▸ To do: Each line below that carries the string "cabinet" must appear in the answer.

▸ Records for processing:
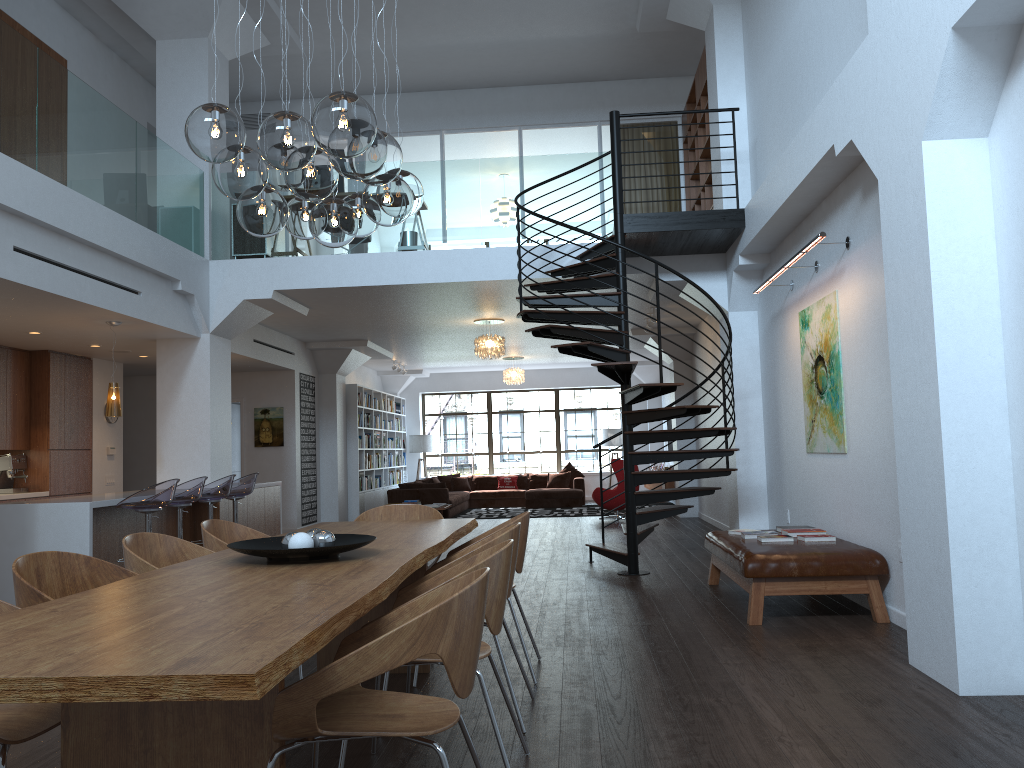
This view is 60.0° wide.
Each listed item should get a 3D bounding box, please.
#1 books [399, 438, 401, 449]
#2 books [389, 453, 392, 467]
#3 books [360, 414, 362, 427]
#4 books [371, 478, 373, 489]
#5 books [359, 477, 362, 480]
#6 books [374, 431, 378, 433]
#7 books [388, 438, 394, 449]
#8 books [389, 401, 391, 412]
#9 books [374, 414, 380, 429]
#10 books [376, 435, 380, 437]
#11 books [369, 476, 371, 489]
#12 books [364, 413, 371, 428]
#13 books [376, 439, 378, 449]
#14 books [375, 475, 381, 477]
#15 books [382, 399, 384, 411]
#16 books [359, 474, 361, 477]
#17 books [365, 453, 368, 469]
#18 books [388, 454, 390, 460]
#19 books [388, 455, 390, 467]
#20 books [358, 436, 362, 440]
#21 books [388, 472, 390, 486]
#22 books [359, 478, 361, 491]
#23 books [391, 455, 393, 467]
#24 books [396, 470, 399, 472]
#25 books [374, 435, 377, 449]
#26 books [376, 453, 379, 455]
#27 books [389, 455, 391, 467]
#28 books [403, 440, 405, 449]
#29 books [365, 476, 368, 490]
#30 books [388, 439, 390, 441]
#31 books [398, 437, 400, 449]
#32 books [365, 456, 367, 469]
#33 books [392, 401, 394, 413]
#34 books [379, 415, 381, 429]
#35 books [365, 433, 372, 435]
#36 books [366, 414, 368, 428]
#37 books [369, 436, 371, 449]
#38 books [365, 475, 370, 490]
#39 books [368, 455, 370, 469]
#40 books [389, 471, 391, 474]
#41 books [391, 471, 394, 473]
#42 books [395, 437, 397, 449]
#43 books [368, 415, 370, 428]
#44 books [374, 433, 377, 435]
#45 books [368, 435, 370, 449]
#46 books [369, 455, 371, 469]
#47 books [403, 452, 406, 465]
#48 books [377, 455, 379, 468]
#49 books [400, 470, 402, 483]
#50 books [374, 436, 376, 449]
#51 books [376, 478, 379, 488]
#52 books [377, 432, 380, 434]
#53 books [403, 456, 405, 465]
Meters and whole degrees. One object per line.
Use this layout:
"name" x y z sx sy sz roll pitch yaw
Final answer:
"books" -2.524 1.295 19.317 0.174 0.236 0.142 -2 -4 3
"books" -2.587 1.564 18.274 0.197 0.290 0.136 -2 -4 4
"books" -2.773 0.652 15.786 0.174 0.242 0.105 -2 -4 4
"books" -2.681 1.855 16.522 0.161 0.207 0.135 -2 -4 3
"books" -2.750 1.772 15.701 0.183 0.253 0.042 -2 -4 4
"books" -2.688 0.922 16.910 0.223 0.027 0.161 -3 -4 13
"books" -2.557 1.246 18.636 0.140 0.231 0.042 -2 -4 4
"books" -2.610 0.474 18.449 0.171 0.246 0.057 -2 -4 4
"books" -2.676 0.740 17.317 0.176 0.290 0.053 -2 -4 4
"books" -2.699 1.017 17.349 0.223 0.027 0.161 -1 -4 -7
"books" -2.699 1.821 16.378 0.183 0.253 0.042 -2 -4 4
"books" -2.743 0.692 16.601 0.198 0.284 0.049 -2 -4 4
"books" -2.669 1.145 17.098 0.161 0.207 0.135 -2 -4 3
"books" -2.629 1.904 17.357 0.140 0.231 0.042 -2 -4 4
"books" -2.662 0.426 17.710 0.174 0.236 0.136 -2 -4 3
"books" -2.755 1.619 15.650 0.174 0.045 0.240 -1 -4 -7
"books" -2.729 1.412 16.228 0.176 0.290 0.053 -2 -4 4
"books" -2.591 1.570 18.122 0.182 0.255 0.077 -2 -4 4
"books" -2.587 1.572 18.081 0.174 0.243 0.085 -2 -4 4
"books" -2.750 1.040 15.840 0.140 0.231 0.042 -2 -4 4
"books" -2.586 1.932 18.094 0.198 0.284 0.066 -2 -4 3
"books" -2.747 1.770 15.588 0.174 0.240 0.054 -2 -4 4
"books" -2.566 1.598 18.421 0.174 0.242 0.105 -2 -4 4
"books" -2.530 2.001 19.034 0.198 0.284 0.066 -2 -4 4
"books" -2.689 1.113 16.981 0.183 0.253 0.042 -2 -4 4
"books" -2.660 1.479 17.138 0.176 0.290 0.036 -2 -4 3
"books" -2.577 1.575 18.168 0.182 0.253 0.098 -2 -4 4
"books" -2.483 1.340 19.788 0.182 0.215 0.188 -2 -4 4
"books" -2.719 1.802 16.140 0.183 0.253 0.042 -2 -4 4
"books" -2.583 1.231 18.268 0.140 0.206 0.042 -2 -4 4
"books" -2.529 1.279 19.228 0.183 0.253 0.042 -2 -4 4
"books" -2.731 1.428 16.143 0.171 0.246 0.057 -2 -4 4
"books" -2.590 0.488 18.700 0.183 0.253 0.034 -2 -4 4
"books" -2.676 0.748 17.378 0.197 0.283 0.065 -2 -4 4
"books" -2.710 1.066 16.598 0.176 0.294 0.102 -2 -4 4
"books" -2.750 0.690 16.374 0.183 0.253 0.042 -2 -4 4
"books" -2.712 1.081 16.460 0.174 0.239 0.045 -2 -4 4
"books" -2.710 1.812 16.292 0.180 0.259 0.042 -2 -4 4
"books" -2.713 1.443 16.351 0.171 0.246 0.057 -2 -4 4
"books" -2.570 1.937 18.204 0.176 0.290 0.053 -2 -4 3
"books" -2.554 1.957 18.475 0.176 0.290 0.036 -2 -4 3
"books" -2.547 1.260 18.877 0.174 0.240 0.054 -2 -4 4
"books" -2.732 0.705 16.484 0.174 0.240 0.054 -2 -4 4
"books" -2.694 0.960 16.930 0.174 0.045 0.240 -2 -4 3
"books" -2.721 1.067 16.361 0.182 0.253 0.034 -2 -4 4
"books" -2.710 1.446 16.434 0.183 0.253 0.034 -2 -4 4
"books" -2.468 1.678 19.827 0.176 0.290 0.053 -2 -4 4
"books" -2.653 1.495 17.102 0.183 0.253 0.034 -2 -4 3
"books" -2.498 2.022 19.363 0.176 0.290 0.053 -2 -4 4
"books" -2.686 1.111 16.868 0.174 0.240 0.054 -2 -4 4
"books" -2.638 1.912 17.100 0.128 0.178 0.021 -2 -4 4
"books" -2.674 0.956 17.339 0.129 0.043 0.185 -3 -5 18
"books" -2.473 1.706 19.673 0.161 0.213 0.118 -2 -4 4
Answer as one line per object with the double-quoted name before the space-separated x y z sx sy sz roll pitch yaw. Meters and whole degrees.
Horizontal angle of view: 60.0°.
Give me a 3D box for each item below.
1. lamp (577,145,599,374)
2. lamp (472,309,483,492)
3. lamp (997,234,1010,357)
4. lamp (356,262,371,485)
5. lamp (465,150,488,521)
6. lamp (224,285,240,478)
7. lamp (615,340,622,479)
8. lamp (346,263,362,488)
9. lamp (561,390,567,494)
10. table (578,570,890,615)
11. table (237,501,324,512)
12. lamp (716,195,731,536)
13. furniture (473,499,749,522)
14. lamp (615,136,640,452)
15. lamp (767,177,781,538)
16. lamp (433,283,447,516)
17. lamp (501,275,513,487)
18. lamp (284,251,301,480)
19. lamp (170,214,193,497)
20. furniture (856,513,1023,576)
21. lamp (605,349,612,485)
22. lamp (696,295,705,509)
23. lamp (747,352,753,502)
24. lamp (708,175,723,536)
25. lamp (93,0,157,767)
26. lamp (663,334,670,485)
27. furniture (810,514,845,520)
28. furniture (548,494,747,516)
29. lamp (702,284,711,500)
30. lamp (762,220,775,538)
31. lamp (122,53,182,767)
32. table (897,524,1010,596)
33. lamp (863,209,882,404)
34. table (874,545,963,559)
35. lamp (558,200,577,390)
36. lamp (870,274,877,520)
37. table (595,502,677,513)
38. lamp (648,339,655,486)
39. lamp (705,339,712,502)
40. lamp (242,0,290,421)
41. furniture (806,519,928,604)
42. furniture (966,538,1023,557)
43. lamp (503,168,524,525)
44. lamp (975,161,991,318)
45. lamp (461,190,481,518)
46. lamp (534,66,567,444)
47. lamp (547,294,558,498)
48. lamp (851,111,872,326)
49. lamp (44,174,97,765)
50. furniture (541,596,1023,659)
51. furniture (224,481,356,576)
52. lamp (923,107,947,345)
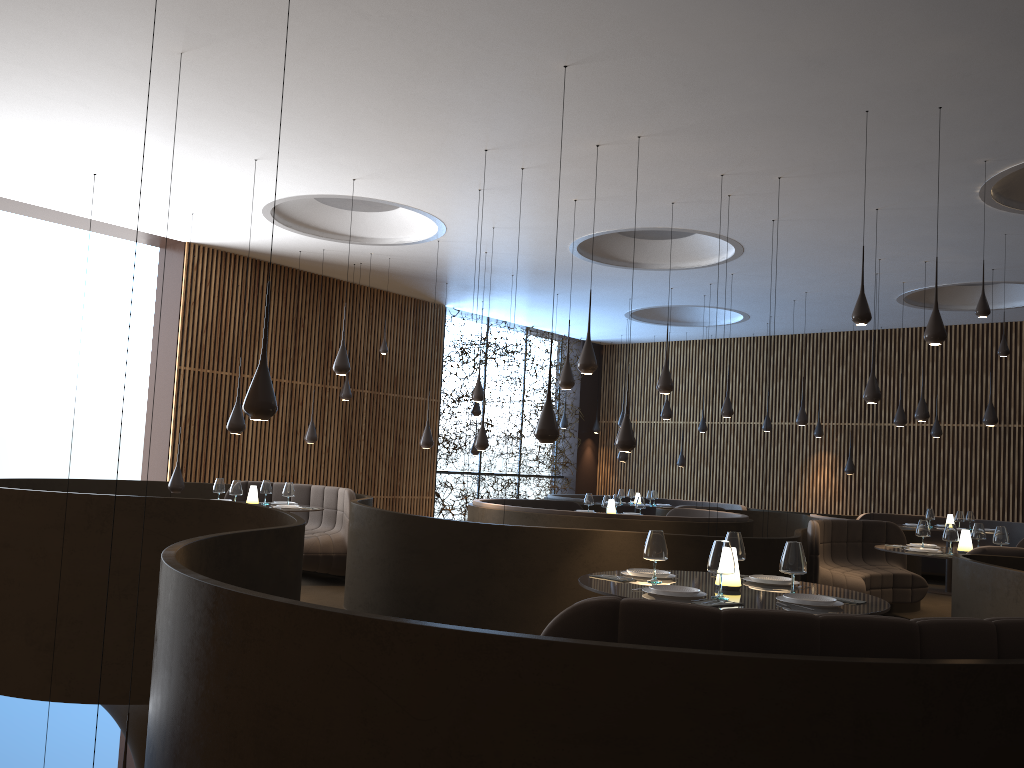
"lamp" 0.773 -1.205 8.528 0.196 2.220 0.196 4 -4 -15
"lamp" -0.762 1.602 17.725 0.196 6.265 0.196 5 -4 -25
"lamp" 5.996 -1.082 10.792 0.133 1.506 0.133 0 -5 35
"lamp" -2.332 1.118 13.429 0.196 6.265 0.196 5 -4 -22
"lamp" -0.427 0.777 8.688 0.196 6.265 0.196 4 -4 -15
"lamp" -4.255 1.648 13.049 0.196 6.265 0.196 2 -4 15
"lamp" 2.360 1.996 20.177 0.196 6.265 0.196 5 -4 -25
"lamp" -2.607 1.168 14.125 0.196 6.265 0.196 6 -5 -42
"lamp" 1.096 1.836 19.178 0.196 6.265 0.196 5 -4 -25
"table" 1.183 1.658 4.932 1.675 1.022 1.673 7 -7 -41
"table" -3.101 1.946 10.456 1.672 1.022 1.676 0 -6 32
"lamp" 2.264 1.015 9.707 0.196 6.265 0.196 5 -4 -25
"furniture" 1.336 2.312 12.571 3.879 1.116 3.798 2 -5 15
"lamp" 1.117 -0.850 8.232 0.196 2.956 0.196 7 -5 -45
"lamp" 2.624 0.971 9.038 0.196 6.265 0.196 1 -4 25
"lamp" -1.312 1.355 15.397 0.196 6.265 0.196 2 -4 15
"lamp" -0.155 1.329 14.455 0.196 6.265 0.196 3 -4 -5
"lamp" -3.445 1.067 13.522 0.196 6.265 0.196 6 -5 -42
"lamp" -4.444 0.841 11.670 0.196 6.265 0.196 2 -4 15
"furniture" 7.706 2.777 14.490 1.982 1.045 3.940 5 -5 -18
"lamp" 2.269 2.105 21.391 0.196 6.265 0.196 5 -4 -25
"lamp" 3.193 1.581 15.250 0.196 6.265 0.196 4 -4 -15
"lamp" 5.073 2.035 19.042 0.196 6.265 0.196 5 -4 -25
"lamp" 2.028 0.941 9.050 0.196 6.265 0.196 1 -4 25
"lamp" -2.314 0.063 5.287 0.196 6.265 0.196 6 -5 -35
"lamp" 3.335 1.983 19.473 0.196 6.265 0.196 6 -5 -35
"furniture" 5.333 2.641 13.980 0.900 1.045 2.535 4 -5 -8
"furniture" 2.610 2.804 17.381 3.882 1.045 3.799 1 -5 17
"lamp" 3.084 1.486 14.296 0.196 6.265 0.196 4 -4 -15
"lamp" 3.009 1.134 10.564 0.196 6.265 0.196 4 -4 -15
"lamp" -2.793 0.188 6.896 0.196 6.265 0.196 6 -5 -35
"table" 6.994 2.829 14.176 1.672 1.022 1.676 0 -6 30
"lamp" 4.110 -0.889 10.049 0.196 2.220 0.196 3 -4 -5
"table" 4.481 2.193 8.781 1.673 1.022 1.675 4 -5 -15
"lamp" 0.684 -1.043 10.310 0.196 2.220 0.196 -1 -5 45
"lamp" 5.269 1.481 12.994 0.196 6.265 0.196 4 -4 -15
"table" 2.470 2.908 17.594 1.672 1.022 1.675 3 -5 1
"lamp" 3.095 2.023 20.042 0.196 6.265 0.196 1 -4 25
"lamp" 4.272 2.034 19.486 0.196 6.265 0.196 6 -5 -35
"lamp" -1.382 -1.264 5.219 0.196 2.956 0.196 6 -5 -35
"furniture" 4.186 2.190 10.658 2.535 1.058 0.931 8 -7 -44
"furniture" 5.966 2.172 9.054 1.981 1.045 3.942 -1 -6 37
"lamp" -0.054 0.842 9.178 0.196 6.265 0.196 -1 -5 45
"lamp" 4.486 -1.380 8.423 0.133 1.506 0.133 0 -5 35
"lamp" -0.537 0.891 9.982 0.196 6.265 0.196 7 -5 -45
"lamp" 0.341 -1.019 6.856 0.196 2.956 0.196 4 -4 -15
"lamp" 0.657 1.498 15.810 0.196 6.265 0.196 3 -4 -5
"lamp" 2.430 -1.151 6.115 0.132 1.496 0.132 7 -5 -45
"lamp" -3.912 1.238 7.752 0.196 6.265 0.196 6 -5 -35
"furniture" 2.027 1.438 4.098 4.247 1.120 1.470 7 -6 -37
"furniture" -2.872 1.806 11.263 2.531 1.058 0.933 -1 -6 36
"lamp" 3.068 -1.146 6.389 0.153 1.734 0.153 3 -4 5
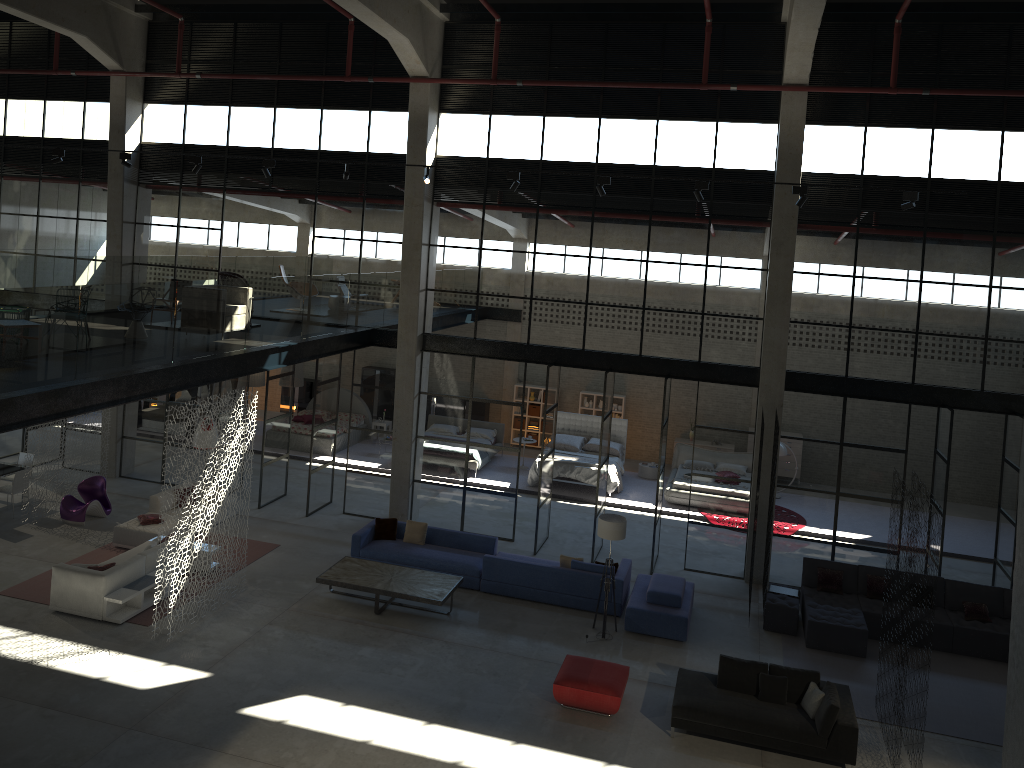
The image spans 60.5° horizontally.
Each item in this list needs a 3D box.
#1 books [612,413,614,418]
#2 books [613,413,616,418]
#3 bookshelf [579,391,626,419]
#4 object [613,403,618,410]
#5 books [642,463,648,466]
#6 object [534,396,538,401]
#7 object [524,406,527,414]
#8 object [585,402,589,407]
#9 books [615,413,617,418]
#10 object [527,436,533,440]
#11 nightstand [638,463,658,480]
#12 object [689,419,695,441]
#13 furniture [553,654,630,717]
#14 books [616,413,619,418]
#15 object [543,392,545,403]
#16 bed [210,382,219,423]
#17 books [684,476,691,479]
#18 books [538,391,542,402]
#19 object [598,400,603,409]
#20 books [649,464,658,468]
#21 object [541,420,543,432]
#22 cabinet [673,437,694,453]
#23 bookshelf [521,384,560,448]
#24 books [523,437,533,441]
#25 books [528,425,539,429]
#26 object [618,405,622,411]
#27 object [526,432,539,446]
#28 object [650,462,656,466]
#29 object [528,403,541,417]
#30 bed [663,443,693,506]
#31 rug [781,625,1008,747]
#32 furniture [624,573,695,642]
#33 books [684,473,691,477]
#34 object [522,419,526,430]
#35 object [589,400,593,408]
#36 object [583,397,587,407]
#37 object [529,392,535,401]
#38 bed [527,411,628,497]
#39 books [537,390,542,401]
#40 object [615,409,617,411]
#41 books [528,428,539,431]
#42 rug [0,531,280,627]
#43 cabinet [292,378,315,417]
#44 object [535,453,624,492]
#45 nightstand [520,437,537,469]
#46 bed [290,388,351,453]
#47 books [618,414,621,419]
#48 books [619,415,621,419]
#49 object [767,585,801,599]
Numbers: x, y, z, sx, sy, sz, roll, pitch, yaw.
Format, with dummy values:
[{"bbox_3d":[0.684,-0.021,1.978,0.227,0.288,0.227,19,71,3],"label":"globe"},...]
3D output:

▸ Task answer:
#22 cabinet [673,437,694,453]
#43 cabinet [292,378,315,417]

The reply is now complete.